## [EXERCISE INPUT]
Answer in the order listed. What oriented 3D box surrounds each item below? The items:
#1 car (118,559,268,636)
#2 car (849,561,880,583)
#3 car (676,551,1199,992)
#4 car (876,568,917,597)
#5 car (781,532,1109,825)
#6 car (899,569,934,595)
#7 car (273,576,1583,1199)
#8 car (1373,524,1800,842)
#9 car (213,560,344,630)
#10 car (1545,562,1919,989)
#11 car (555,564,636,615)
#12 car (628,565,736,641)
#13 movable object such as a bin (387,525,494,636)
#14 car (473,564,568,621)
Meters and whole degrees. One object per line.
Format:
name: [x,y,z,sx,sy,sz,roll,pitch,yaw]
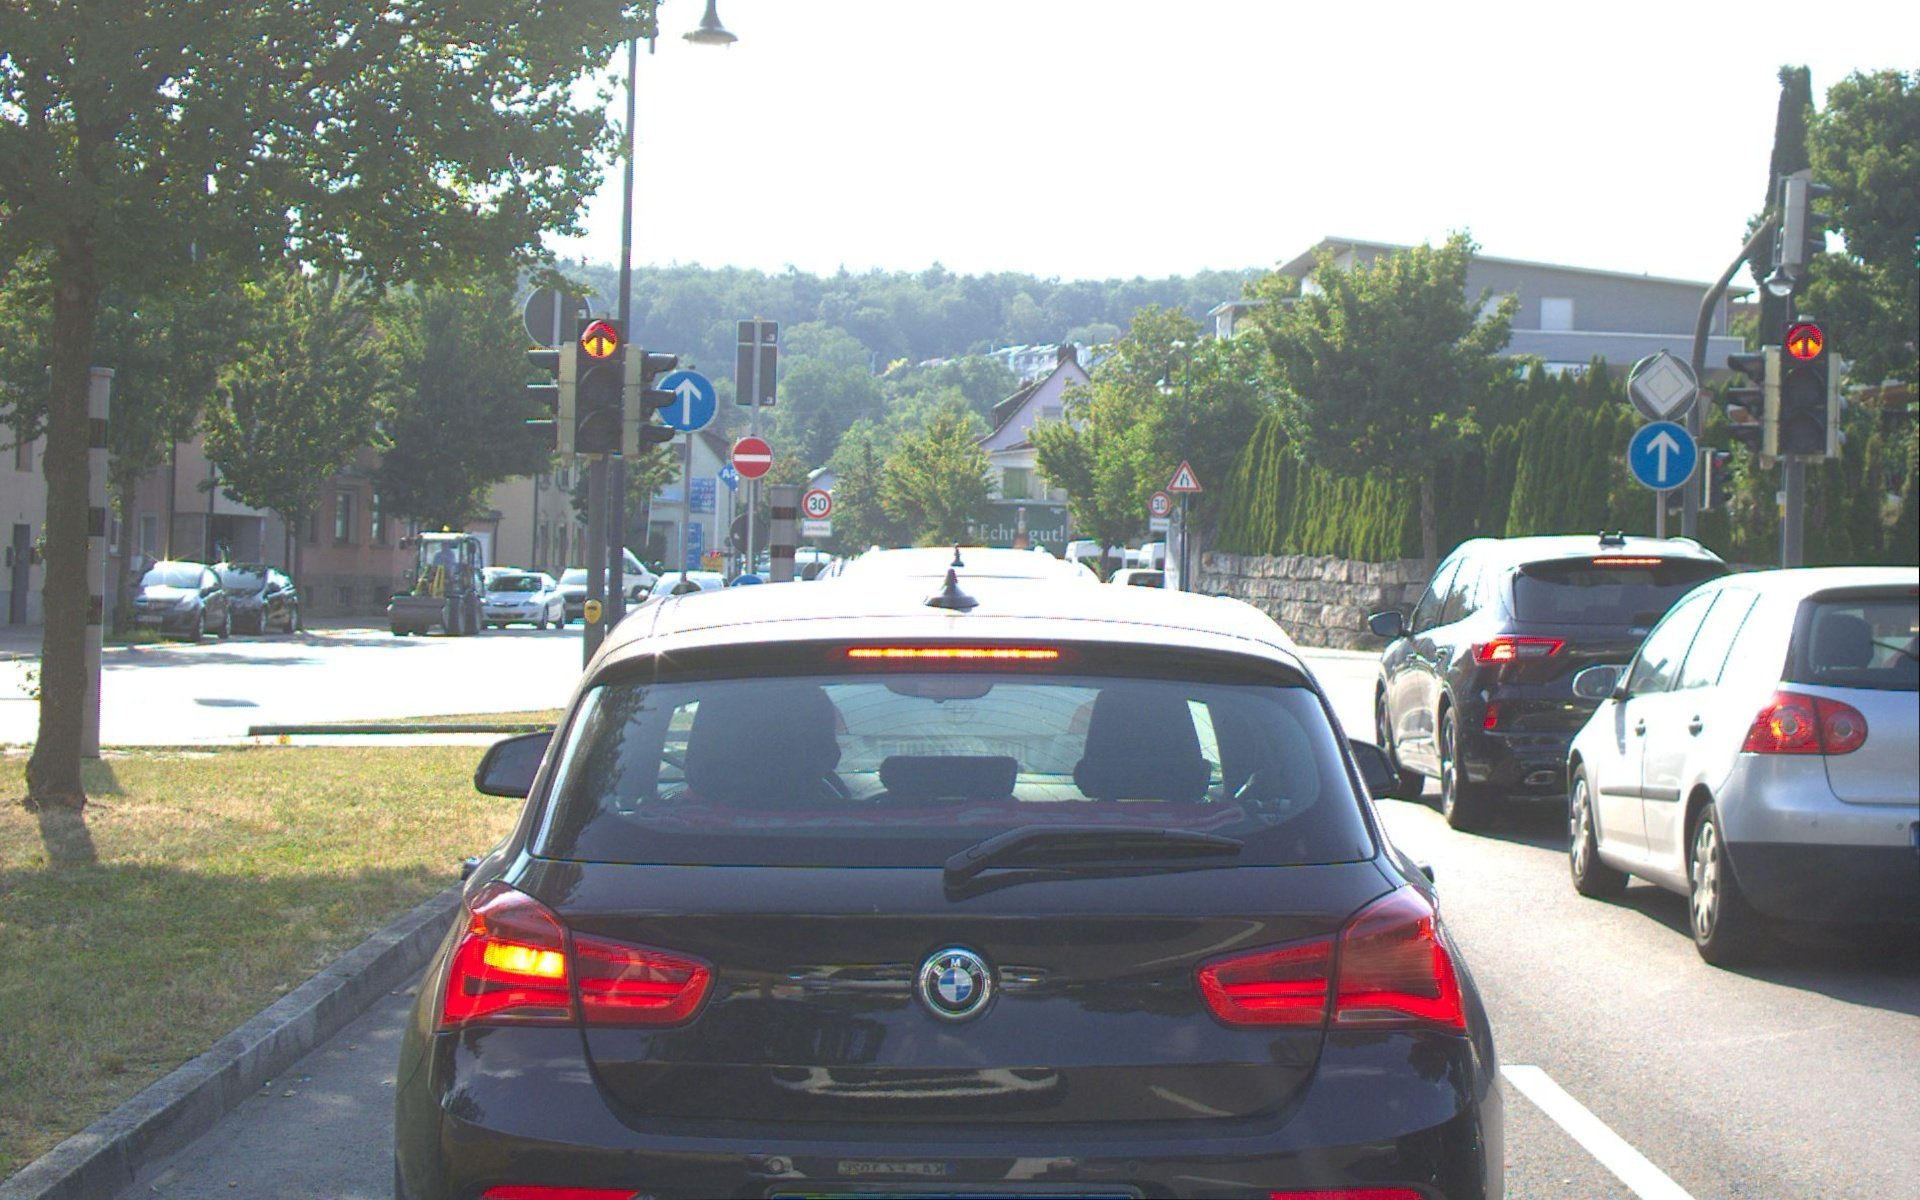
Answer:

## [PROBLEM DESCRIPTION]
Gather from the entries above all lines that include the string "object".

## [RESULT FOR THIS EXERCISE]
#13 movable object such as a bin (387,525,494,636)
Meters and whole degrees. One object per line.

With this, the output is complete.